• [Work required]: Among the entries below, extract exactly the lines that run from the one with "1. CH2 voltage" through the one with "7. phase of", both ends included.

-=-=-=-=-

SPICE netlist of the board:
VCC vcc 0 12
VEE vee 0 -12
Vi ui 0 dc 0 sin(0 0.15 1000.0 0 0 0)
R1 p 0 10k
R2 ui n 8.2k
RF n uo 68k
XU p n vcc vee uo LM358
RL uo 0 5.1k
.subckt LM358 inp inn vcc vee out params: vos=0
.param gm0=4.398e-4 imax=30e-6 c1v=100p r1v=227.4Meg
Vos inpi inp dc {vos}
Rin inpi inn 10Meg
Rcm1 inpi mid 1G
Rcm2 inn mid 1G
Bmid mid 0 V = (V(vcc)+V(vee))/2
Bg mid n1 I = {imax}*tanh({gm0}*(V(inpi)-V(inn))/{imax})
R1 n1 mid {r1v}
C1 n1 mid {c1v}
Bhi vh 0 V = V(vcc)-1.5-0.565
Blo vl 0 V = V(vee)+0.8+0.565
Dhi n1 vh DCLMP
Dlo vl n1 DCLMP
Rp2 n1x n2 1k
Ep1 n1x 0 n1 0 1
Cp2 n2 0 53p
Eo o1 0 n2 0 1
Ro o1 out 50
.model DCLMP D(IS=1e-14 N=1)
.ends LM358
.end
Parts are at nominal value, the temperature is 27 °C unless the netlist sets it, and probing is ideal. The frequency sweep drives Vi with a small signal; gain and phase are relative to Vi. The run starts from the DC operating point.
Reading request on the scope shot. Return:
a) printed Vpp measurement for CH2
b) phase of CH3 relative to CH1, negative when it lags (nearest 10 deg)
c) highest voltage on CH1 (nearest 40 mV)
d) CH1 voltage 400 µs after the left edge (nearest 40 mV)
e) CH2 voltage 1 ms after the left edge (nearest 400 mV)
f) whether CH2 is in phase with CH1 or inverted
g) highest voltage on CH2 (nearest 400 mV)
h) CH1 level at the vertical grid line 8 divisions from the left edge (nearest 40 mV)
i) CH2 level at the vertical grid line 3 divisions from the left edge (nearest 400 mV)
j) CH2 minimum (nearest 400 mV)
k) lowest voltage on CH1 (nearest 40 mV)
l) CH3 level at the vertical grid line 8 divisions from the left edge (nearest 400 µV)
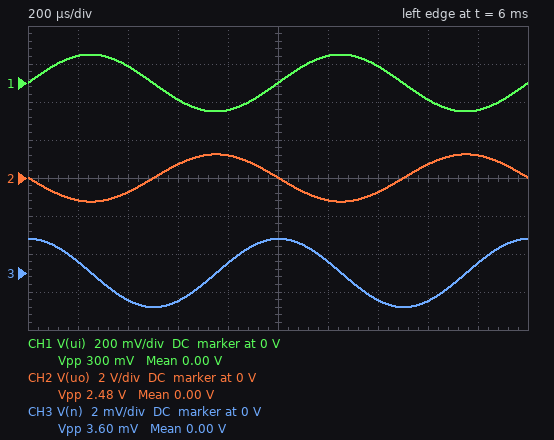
2.48 V
90 deg
160 mV
80 mV
0 V
inverted
1.2 V
-80 mV
800 mV
-1.2 V
-160 mV
-1.6 mV
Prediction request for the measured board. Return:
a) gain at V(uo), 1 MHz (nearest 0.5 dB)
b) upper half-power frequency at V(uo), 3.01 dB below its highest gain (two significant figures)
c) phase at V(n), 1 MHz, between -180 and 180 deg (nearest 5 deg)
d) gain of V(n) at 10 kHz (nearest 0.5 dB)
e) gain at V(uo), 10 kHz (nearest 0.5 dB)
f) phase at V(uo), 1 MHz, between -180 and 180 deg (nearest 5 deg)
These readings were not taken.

-4.5 dB
76 kHz
5 deg
-18.5 dB
18.5 dB
75 deg
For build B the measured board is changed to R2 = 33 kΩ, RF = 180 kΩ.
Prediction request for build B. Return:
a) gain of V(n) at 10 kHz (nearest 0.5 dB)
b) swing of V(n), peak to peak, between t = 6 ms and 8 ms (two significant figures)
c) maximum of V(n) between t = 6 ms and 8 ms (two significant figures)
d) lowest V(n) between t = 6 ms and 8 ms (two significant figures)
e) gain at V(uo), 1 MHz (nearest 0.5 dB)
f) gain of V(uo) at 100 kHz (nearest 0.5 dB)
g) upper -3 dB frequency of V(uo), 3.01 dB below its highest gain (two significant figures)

-22.0 dB
2.4 mV
1.2 mV
-1.2 mV
-5.0 dB
12.0 dB
110 kHz
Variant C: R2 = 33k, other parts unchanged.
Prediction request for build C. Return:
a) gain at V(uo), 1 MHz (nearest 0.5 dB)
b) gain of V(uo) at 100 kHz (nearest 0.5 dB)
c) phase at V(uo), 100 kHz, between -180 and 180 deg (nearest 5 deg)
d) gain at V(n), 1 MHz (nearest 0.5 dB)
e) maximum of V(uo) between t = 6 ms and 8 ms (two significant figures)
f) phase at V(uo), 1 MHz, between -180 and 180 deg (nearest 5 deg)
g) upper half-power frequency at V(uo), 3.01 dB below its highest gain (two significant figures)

-6.5 dB
5.5 dB
155 deg
-3.0 dB
310 mV
85 deg
240 kHz
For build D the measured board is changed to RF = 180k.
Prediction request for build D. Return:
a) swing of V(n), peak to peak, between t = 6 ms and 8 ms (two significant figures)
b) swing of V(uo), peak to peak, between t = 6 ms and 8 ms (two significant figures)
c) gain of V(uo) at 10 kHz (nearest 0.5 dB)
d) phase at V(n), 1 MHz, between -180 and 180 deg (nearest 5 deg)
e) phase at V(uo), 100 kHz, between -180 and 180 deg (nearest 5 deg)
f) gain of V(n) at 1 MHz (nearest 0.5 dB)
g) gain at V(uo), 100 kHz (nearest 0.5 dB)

9.5 mV
6.6 V
26.5 dB
0 deg
105 deg
-0.5 dB
16.0 dB
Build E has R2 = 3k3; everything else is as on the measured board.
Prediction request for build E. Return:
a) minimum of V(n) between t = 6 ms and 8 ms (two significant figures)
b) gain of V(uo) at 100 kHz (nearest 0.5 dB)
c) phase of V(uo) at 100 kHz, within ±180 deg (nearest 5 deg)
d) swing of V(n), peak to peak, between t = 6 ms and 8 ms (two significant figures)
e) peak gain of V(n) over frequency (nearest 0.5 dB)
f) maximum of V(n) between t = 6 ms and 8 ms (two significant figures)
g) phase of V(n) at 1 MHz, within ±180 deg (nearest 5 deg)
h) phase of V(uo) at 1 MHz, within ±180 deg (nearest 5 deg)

-4.5 mV
16.0 dB
105 deg
8.9 mV
-0.5 dB
4.5 mV
0 deg
75 deg
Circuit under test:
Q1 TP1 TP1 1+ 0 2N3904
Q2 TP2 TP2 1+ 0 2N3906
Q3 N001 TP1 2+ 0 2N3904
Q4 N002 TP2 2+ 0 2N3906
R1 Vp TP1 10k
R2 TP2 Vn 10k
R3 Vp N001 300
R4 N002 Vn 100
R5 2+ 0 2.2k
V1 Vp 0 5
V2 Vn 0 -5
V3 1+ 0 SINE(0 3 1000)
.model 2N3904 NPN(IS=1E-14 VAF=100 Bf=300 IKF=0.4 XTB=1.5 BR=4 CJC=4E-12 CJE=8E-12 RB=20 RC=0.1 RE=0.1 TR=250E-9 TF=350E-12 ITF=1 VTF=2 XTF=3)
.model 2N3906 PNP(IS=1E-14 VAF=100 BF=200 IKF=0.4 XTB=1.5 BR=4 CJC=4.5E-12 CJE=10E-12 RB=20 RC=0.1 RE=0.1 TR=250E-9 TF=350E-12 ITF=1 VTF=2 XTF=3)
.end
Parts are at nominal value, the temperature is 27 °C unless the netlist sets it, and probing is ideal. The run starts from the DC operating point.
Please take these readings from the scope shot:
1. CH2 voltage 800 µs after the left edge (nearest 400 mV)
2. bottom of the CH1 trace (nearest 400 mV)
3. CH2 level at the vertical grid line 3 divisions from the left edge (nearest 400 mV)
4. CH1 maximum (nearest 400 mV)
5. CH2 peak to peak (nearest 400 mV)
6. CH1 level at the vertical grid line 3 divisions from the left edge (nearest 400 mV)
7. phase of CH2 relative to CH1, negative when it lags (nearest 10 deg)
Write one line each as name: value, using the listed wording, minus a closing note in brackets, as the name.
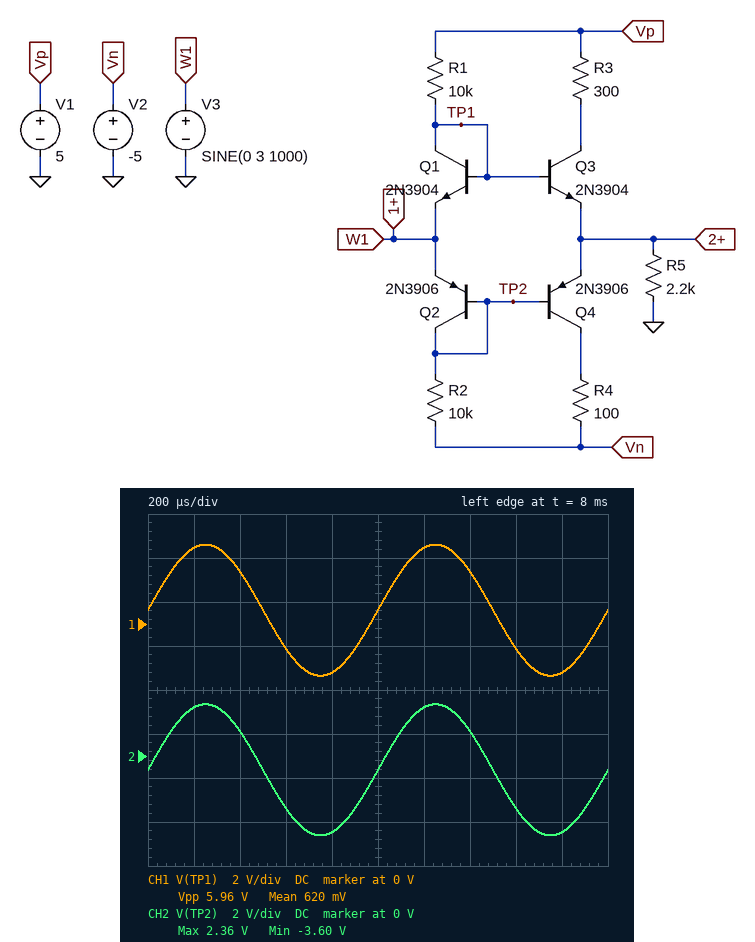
CH2 voltage 800 µs after the left edge: -3.6 V
bottom of the CH1 trace: -2.4 V
CH2 level at the vertical grid line 3 divisions from the left edge: -2.4 V
CH1 maximum: 3.6 V
CH2 peak to peak: 6.0 V
CH1 level at the vertical grid line 3 divisions from the left edge: -1.2 V
phase of CH2 relative to CH1, negative when it lags: 0 deg
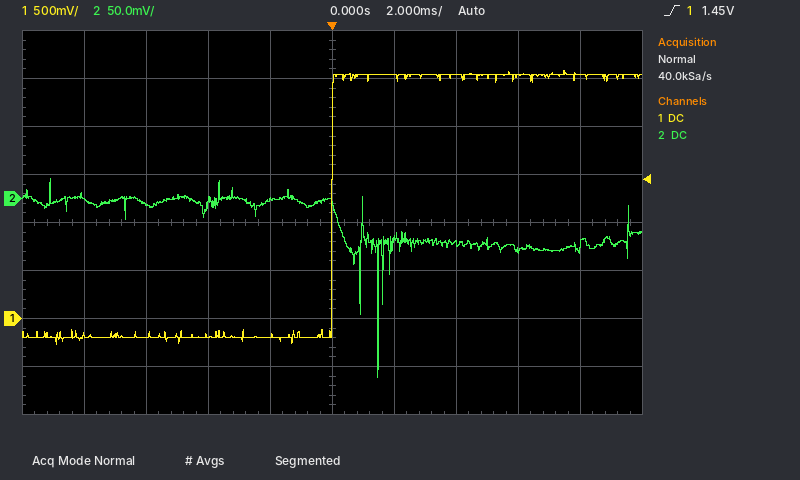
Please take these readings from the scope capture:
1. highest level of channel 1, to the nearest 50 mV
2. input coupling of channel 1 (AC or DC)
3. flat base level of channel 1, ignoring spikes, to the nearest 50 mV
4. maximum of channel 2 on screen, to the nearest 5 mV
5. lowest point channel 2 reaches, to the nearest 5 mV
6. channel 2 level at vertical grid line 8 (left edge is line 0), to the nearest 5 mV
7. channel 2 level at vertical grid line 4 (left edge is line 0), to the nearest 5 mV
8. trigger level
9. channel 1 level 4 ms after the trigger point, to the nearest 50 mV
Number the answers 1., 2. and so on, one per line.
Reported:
1. 2.60 V
2. DC
3. -200 mV
4. 20 mV
5. -185 mV
6. -55 mV
7. 0 mV
8. 1.45 V
9. 2.55 V
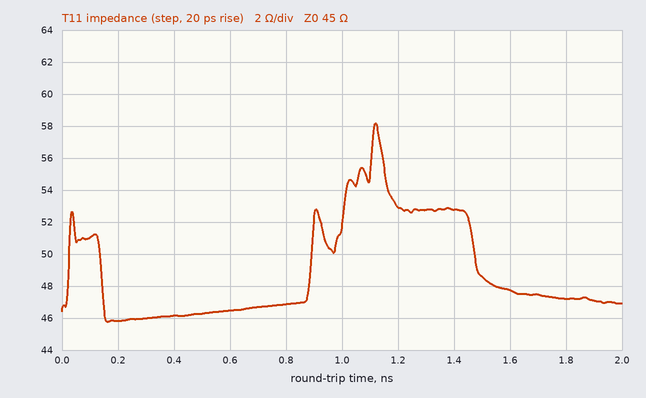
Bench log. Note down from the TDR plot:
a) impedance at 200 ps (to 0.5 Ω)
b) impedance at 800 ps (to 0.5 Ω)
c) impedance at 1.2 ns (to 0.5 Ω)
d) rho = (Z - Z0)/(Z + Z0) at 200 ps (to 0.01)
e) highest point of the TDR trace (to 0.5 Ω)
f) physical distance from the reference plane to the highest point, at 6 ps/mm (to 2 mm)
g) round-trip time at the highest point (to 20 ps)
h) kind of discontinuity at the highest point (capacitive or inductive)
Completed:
46.0 Ω
47.0 Ω
53.0 Ω
+0.01
58.0 Ω
94 mm
1.12 ns
inductive
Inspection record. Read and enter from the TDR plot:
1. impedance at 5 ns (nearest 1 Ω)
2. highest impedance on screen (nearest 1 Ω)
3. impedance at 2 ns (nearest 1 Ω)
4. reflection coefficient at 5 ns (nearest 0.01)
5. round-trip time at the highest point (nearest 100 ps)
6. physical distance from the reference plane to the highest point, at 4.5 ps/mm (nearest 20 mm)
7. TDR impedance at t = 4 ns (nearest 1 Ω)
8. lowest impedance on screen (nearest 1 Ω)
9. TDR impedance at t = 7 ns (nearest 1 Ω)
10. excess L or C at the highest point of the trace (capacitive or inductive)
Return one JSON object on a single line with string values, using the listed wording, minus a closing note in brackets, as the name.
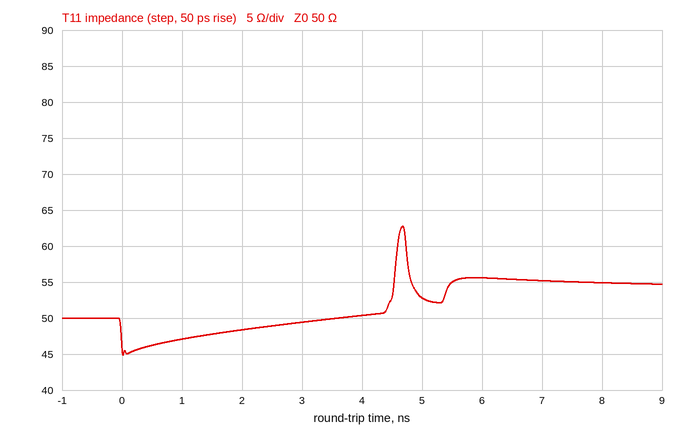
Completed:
{"impedance at 5 ns": "53 Ω", "highest impedance on screen": "63 Ω", "impedance at 2 ns": "48 Ω", "reflection coefficient at 5 ns": "+0.03", "round-trip time at the highest point": "4.7 ns", "physical distance from the reference plane to the highest point, at 4.5 ps/mm": "520 mm", "TDR impedance at t = 4 ns": "50 Ω", "lowest impedance on screen": "45 Ω", "TDR impedance at t = 7 ns": "55 Ω", "excess L or C at the highest point of the trace": "inductive"}
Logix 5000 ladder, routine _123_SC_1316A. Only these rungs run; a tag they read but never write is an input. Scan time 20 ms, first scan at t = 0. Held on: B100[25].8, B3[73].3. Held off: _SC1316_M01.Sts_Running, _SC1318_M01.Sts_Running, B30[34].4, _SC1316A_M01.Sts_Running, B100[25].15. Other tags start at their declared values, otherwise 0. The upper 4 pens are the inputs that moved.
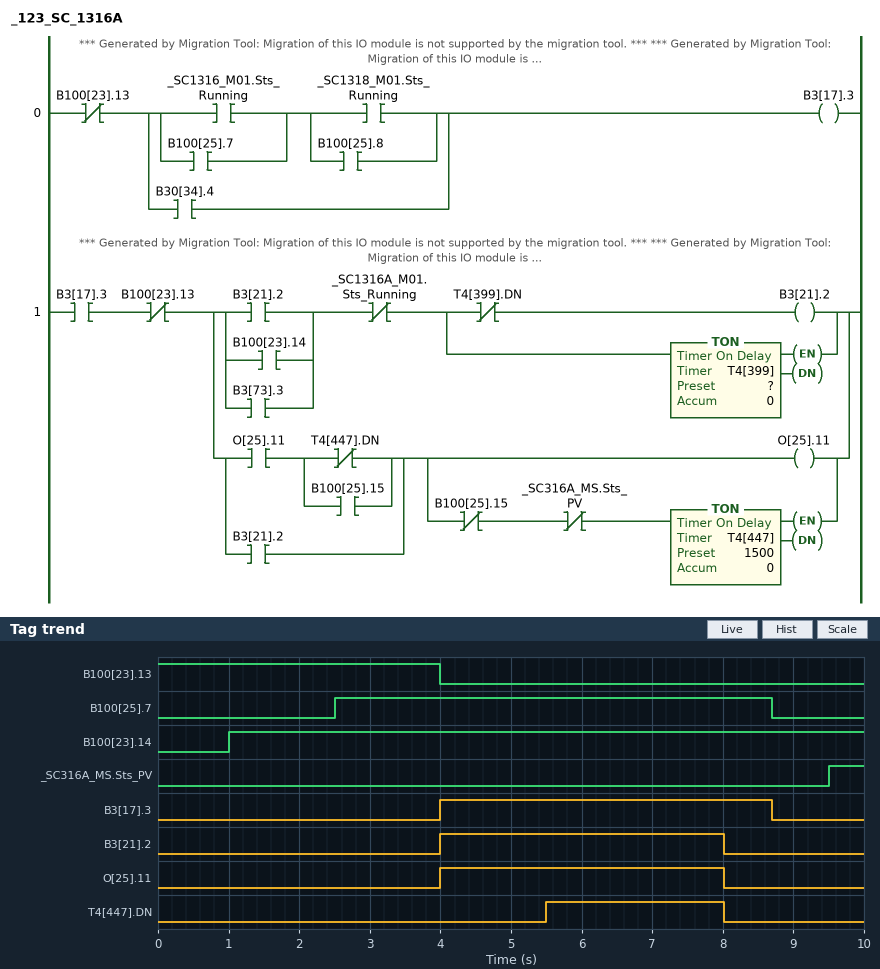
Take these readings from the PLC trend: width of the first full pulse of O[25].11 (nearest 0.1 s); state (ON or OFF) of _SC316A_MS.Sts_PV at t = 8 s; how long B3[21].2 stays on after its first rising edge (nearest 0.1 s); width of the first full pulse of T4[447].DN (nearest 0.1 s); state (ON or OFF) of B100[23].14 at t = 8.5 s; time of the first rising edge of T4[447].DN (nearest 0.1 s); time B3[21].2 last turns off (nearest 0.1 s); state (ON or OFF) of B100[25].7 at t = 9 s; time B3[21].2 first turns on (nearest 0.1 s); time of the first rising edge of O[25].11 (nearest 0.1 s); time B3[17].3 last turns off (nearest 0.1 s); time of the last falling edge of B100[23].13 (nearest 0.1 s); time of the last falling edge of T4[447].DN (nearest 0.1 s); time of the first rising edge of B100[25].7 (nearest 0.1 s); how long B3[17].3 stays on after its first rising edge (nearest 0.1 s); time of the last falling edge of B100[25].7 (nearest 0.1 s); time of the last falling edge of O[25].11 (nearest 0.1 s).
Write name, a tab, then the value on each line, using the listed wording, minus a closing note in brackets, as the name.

width of the first full pulse of O[25].11	4.0 s
state (ON or OFF) of _SC316A_MS.Sts_PV at t = 8 s	OFF
how long B3[21].2 stays on after its first rising edge	4.0 s
width of the first full pulse of T4[447].DN	2.5 s
state (ON or OFF) of B100[23].14 at t = 8.5 s	ON
time of the first rising edge of T4[447].DN	5.5 s
time B3[21].2 last turns off	8.0 s
state (ON or OFF) of B100[25].7 at t = 9 s	OFF
time B3[21].2 first turns on	4.0 s
time of the first rising edge of O[25].11	4.0 s
time B3[17].3 last turns off	8.7 s
time of the last falling edge of B100[23].13	4.0 s
time of the last falling edge of T4[447].DN	8.0 s
time of the first rising edge of B100[25].7	2.5 s
how long B3[17].3 stays on after its first rising edge	4.7 s
time of the last falling edge of B100[25].7	8.7 s
time of the last falling edge of O[25].11	8.0 s
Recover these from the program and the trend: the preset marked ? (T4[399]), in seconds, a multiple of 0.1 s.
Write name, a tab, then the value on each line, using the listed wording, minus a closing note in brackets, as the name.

the preset marked ? (T4[399]), in seconds, a multiple of 0.1 s	4.0 s
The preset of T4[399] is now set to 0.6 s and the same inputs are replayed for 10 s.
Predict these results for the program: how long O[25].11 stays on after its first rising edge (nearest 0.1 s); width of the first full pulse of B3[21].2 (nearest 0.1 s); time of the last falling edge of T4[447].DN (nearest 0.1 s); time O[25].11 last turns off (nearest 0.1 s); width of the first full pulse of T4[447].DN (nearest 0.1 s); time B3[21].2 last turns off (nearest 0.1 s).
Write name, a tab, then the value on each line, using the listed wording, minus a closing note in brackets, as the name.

how long O[25].11 stays on after its first rising edge	1.5 s
width of the first full pulse of B3[21].2	0.6 s
time of the last falling edge of T4[447].DN	5.5 s
time O[25].11 last turns off	5.5 s
width of the first full pulse of T4[447].DN	0.0 s
time B3[21].2 last turns off	4.6 s
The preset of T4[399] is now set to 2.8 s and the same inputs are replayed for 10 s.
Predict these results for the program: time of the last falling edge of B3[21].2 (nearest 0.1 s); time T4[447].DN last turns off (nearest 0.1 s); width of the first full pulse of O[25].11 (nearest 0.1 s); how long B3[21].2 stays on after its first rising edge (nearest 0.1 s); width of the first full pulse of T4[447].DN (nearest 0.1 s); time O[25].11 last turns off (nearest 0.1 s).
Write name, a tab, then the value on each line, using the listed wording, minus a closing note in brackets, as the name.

time of the last falling edge of B3[21].2	6.8 s
time T4[447].DN last turns off	6.8 s
width of the first full pulse of O[25].11	2.8 s
how long B3[21].2 stays on after its first rising edge	2.8 s
width of the first full pulse of T4[447].DN	1.3 s
time O[25].11 last turns off	6.8 s

-=-=-=-=-

• [Answer to the exercise]:
1. CH2 voltage 800 µs after the left edge (nearest 400 mV)
2. bottom of the CH1 trace (nearest 400 mV)
3. CH2 level at the vertical grid line 3 divisions from the left edge (nearest 400 mV)
4. CH1 maximum (nearest 400 mV)
5. CH2 peak to peak (nearest 400 mV)
6. CH1 level at the vertical grid line 3 divisions from the left edge (nearest 400 mV)
7. phase of CH2 relative to CH1, negative when it lags (nearest 10 deg)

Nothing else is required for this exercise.